I actually did this last night and got a pretty solid bass sound. I had a DI track and then a sansamp track that was slightly distorted.

With the DI track I rolled some of the high off and scooped some mids out. Essentially I did the exact opposite with the sansamp track, Compressed the shit out of both of them and then blended the levels to taste. It worked well for what I was doing.
 
I usually highpass at 40hz. Scoop off around 4db at 70hz (effective from 60hz to 90hz) - Edit: But this would more or less depend on the tone.

+1

sometimes adding some "air" around 40-50 hz, and scooping the "perceived" lows around 60-80 hz helps make your bass less boomy. also, you want to compress bass, but do your eq first so that the low end energy around 60 hz that you cut doesnt pump the compressor and eat up your headroom!

I also often will blend 2 tones. one high passed with a gritty hi end, and one low passed with a clean low end. then compress each separately.
 
By this days, I take Line and Mic
Line I process with ampeg svx plugin and i work it on low freqs
Mic I love to take it with akg d-112 and I work high, mid-hi freqs on it
bassically I Pass (hi or Lo) every channel the range of freqs I don't want to work on it, and then compress it all together, I love fardchild plugin for that.

I preffer using distortion on the Lo track, Highs often come alredy distorted with active pickups basses.
 
to get things smoother and creamier in the bass end, try scooping out some of the muddy boomy lows and then compressing to get a smooth and consistent signal with nice sustain, and then plopping in waves Rbass (if you have it) and tweaking from there. you're essentially replacing the harmonic lows with synthetic new rbass ones which are as smooth and syrupy as it gets. if you're doing a DI track and a separate tone track, this is a good method to use on the DI track to extract nothing but smooth harmonic bass, and then use roll off everything under 100-150hz on the tone track...or maybe even higher, to taste. another good thread here:

http://www.ultimatemetal.com/forum/production-tips/507392-whats-damn-bass-guitar.html
 
I've definitely played with HP bass but IME when you have a bunch of garbage down low it's almost always from the guitars.

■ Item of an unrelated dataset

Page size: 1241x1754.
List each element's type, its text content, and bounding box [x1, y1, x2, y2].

The fundamental freq of a low B is 31hz--which most playback devices can't even produce--so than main reason to HP bass would be to get your masters louder.
 
I've definitely played with HP bass but IME when you have a bunch of garbage down low it's almost always from the guitars. The fundamental freq of a low B is 31hz--which most playback devices can't even produce--so than main reason to HP bass would be to get your masters louder.

I just high pass the master buss.
 
it's not from the guitars. when i extract my songs without bass and listen to it through a hifi with sub there is absolutely now problem with the lowend.

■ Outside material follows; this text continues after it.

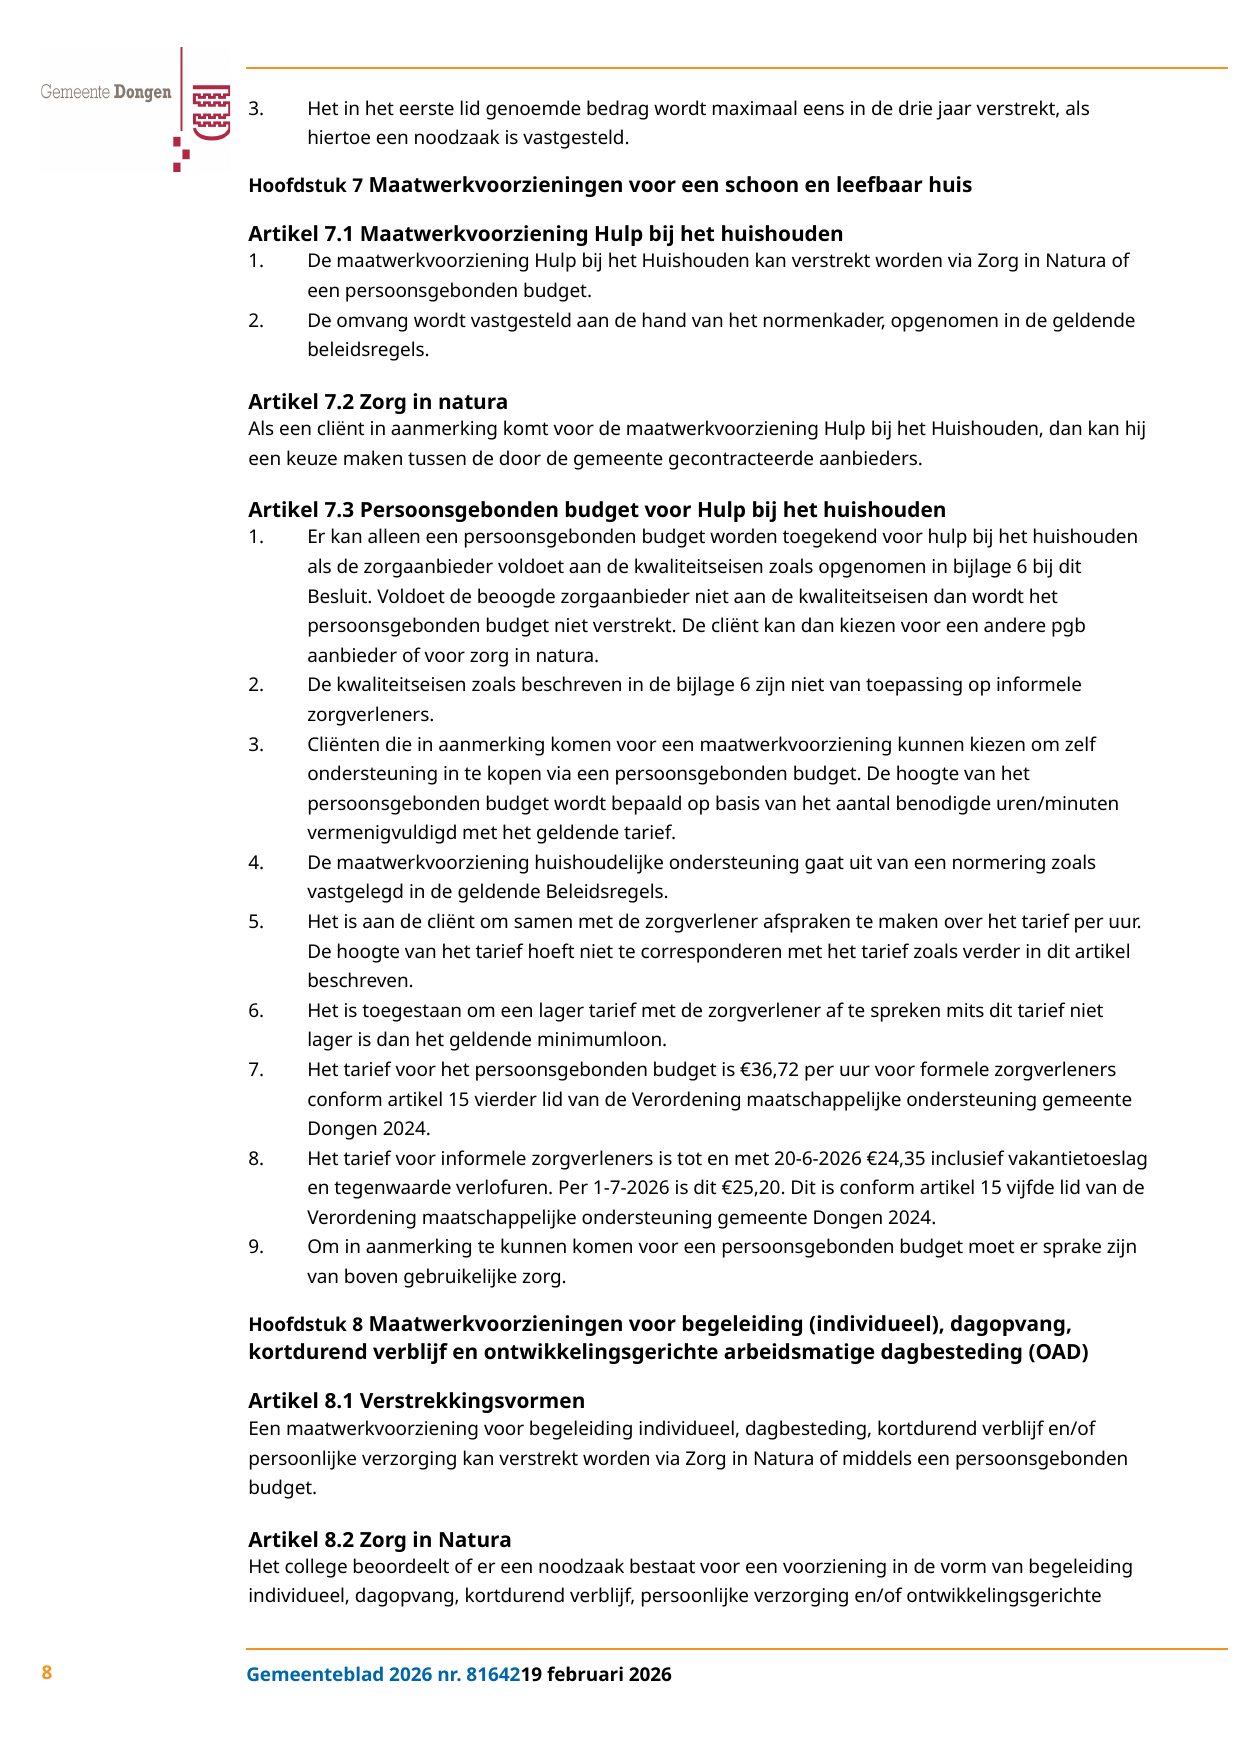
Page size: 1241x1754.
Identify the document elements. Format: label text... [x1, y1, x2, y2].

thanks for all the replies! you guys are a lot of help!
 
For whatever it's worth, I hipass my projects at 30hz, bass at 40hz, and kick at 50hz, and rhythm guitars at 100hz. I also usually hipass all other instruments too, even if only a little bit. None of it seems to suffer to my ears, and it seems to tighten up the overall bass of the project. Something else I usually do is scoop out a little bit between 200-400hz to get rid of the part that can sound flabby and boxy.

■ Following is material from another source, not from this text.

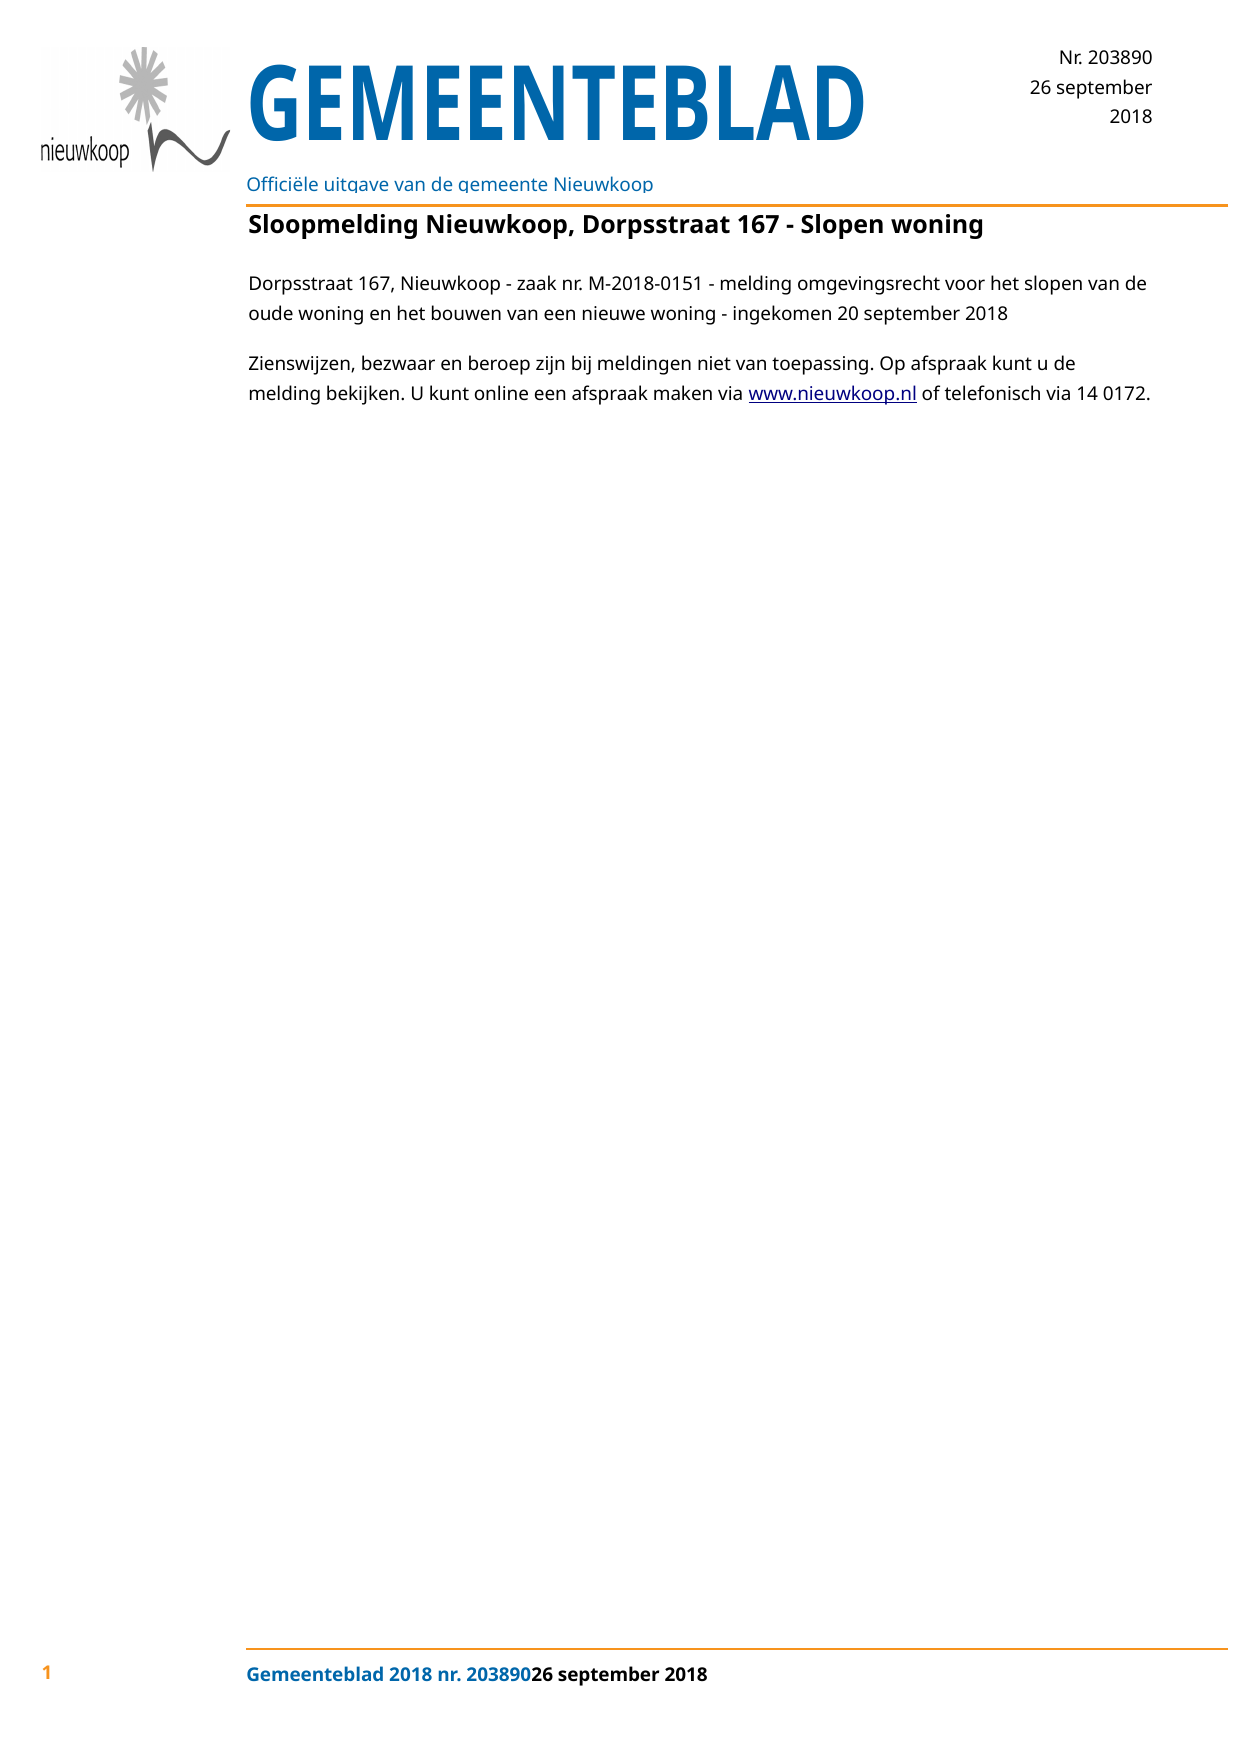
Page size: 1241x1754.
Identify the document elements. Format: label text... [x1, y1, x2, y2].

You have to listen carefully to everything you're doing though. What works for me might not work for you, or it might work great. You have to try things and see what works with your instruments and tracks. Arbitrary "presets" don't work for everyone. However, they can sometimes be a good starting point at least.

Also, what no one else mentioned, sometimes your arrangement and selection of instruments and their ranges can really affect how a mix comes together. If you have a sparse mix where the bass guitar and kick drum are the only instruments occupying the bass frequencies, that can clear up a lot of problems and make tightening the low frequencies up a lot easier.